## What to work on:
A stretch of the entries below is to be set down exactly, running from the line with "Image resolution: width=924" through the line with "Instruction: Point to", both included, and no other line.

## Dataset records:
────────────────

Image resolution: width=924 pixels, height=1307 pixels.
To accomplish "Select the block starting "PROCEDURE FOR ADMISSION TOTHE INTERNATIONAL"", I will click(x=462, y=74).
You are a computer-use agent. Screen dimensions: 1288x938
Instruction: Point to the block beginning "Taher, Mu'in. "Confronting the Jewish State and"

────────────────

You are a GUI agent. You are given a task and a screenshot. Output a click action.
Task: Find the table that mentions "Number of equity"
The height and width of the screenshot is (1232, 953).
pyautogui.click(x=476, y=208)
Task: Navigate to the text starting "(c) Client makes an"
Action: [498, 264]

────────────────

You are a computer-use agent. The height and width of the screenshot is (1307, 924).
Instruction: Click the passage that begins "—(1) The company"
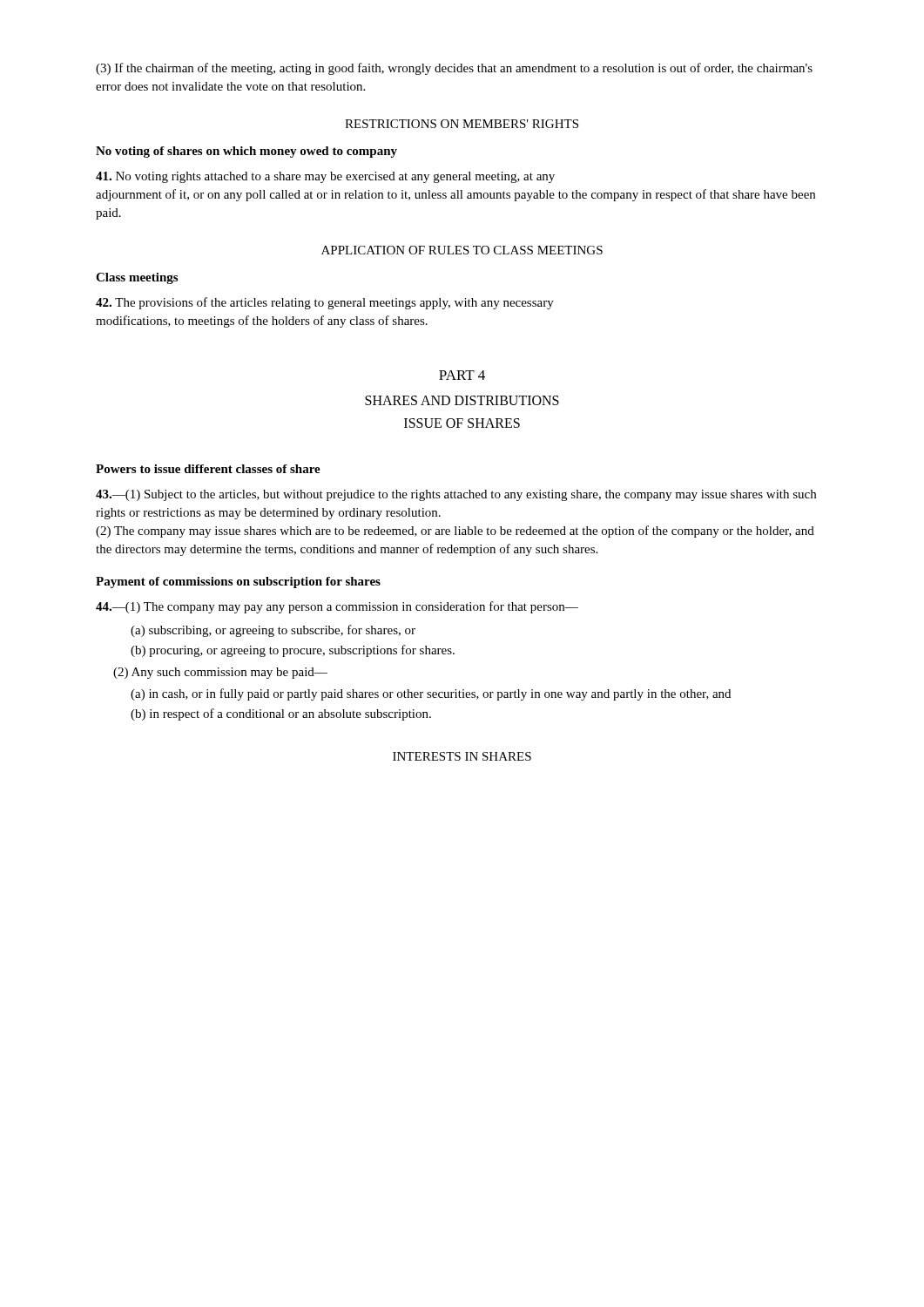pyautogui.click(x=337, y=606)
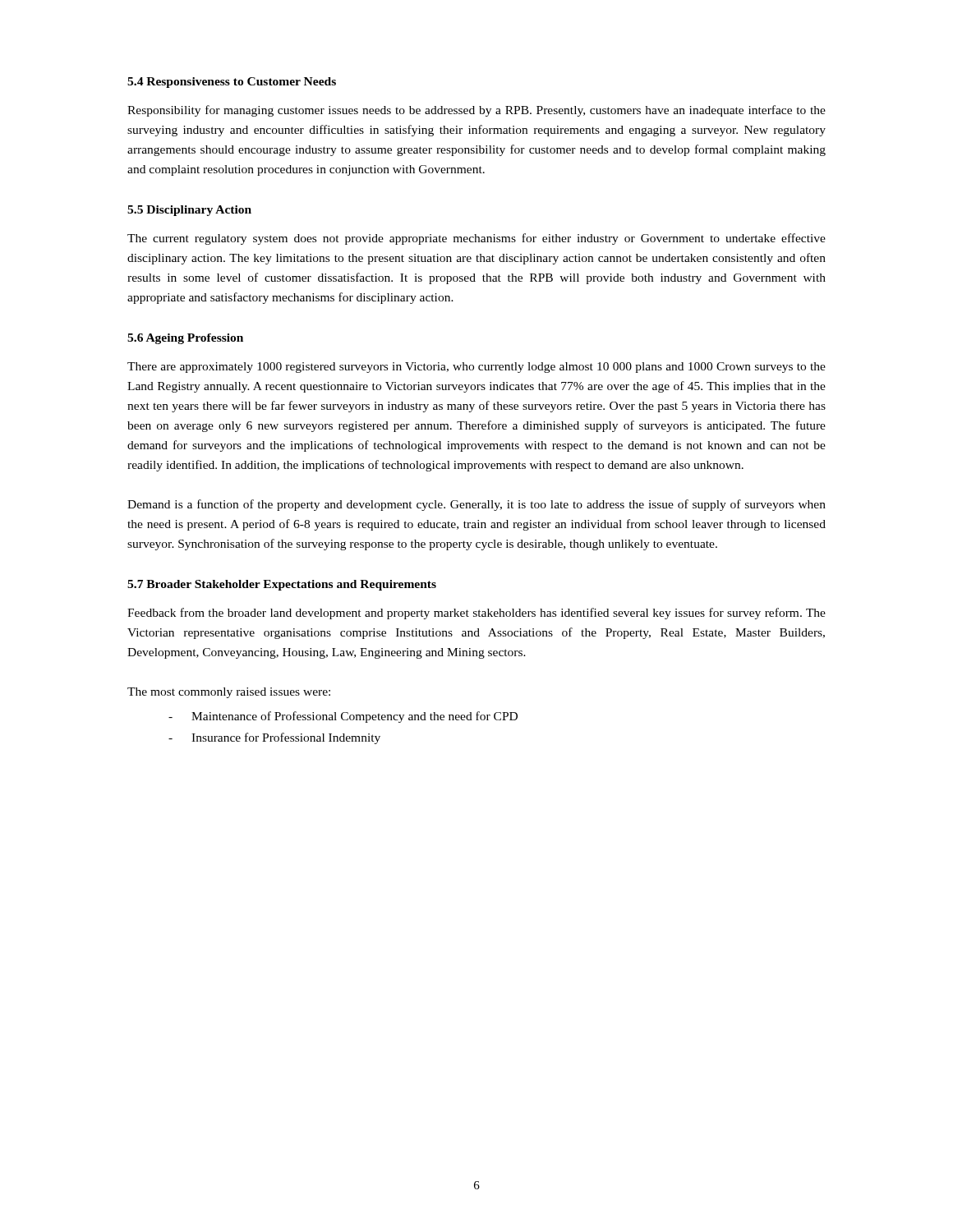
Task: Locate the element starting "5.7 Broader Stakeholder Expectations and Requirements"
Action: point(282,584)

────────────────

## Answer box:
Image resolution: width=924 pixels, height=1307 pixels.
To accomplish "Select the block starting "PROCEDURE FOR ADMISSION TOTHE INTERNATIONAL"", I will click(x=462, y=74).
You are a computer-use agent. Screen dimensions: 1288x938
Instruction: Point to the block beginning "Taher, Mu'in. "Confronting the Jewish State and"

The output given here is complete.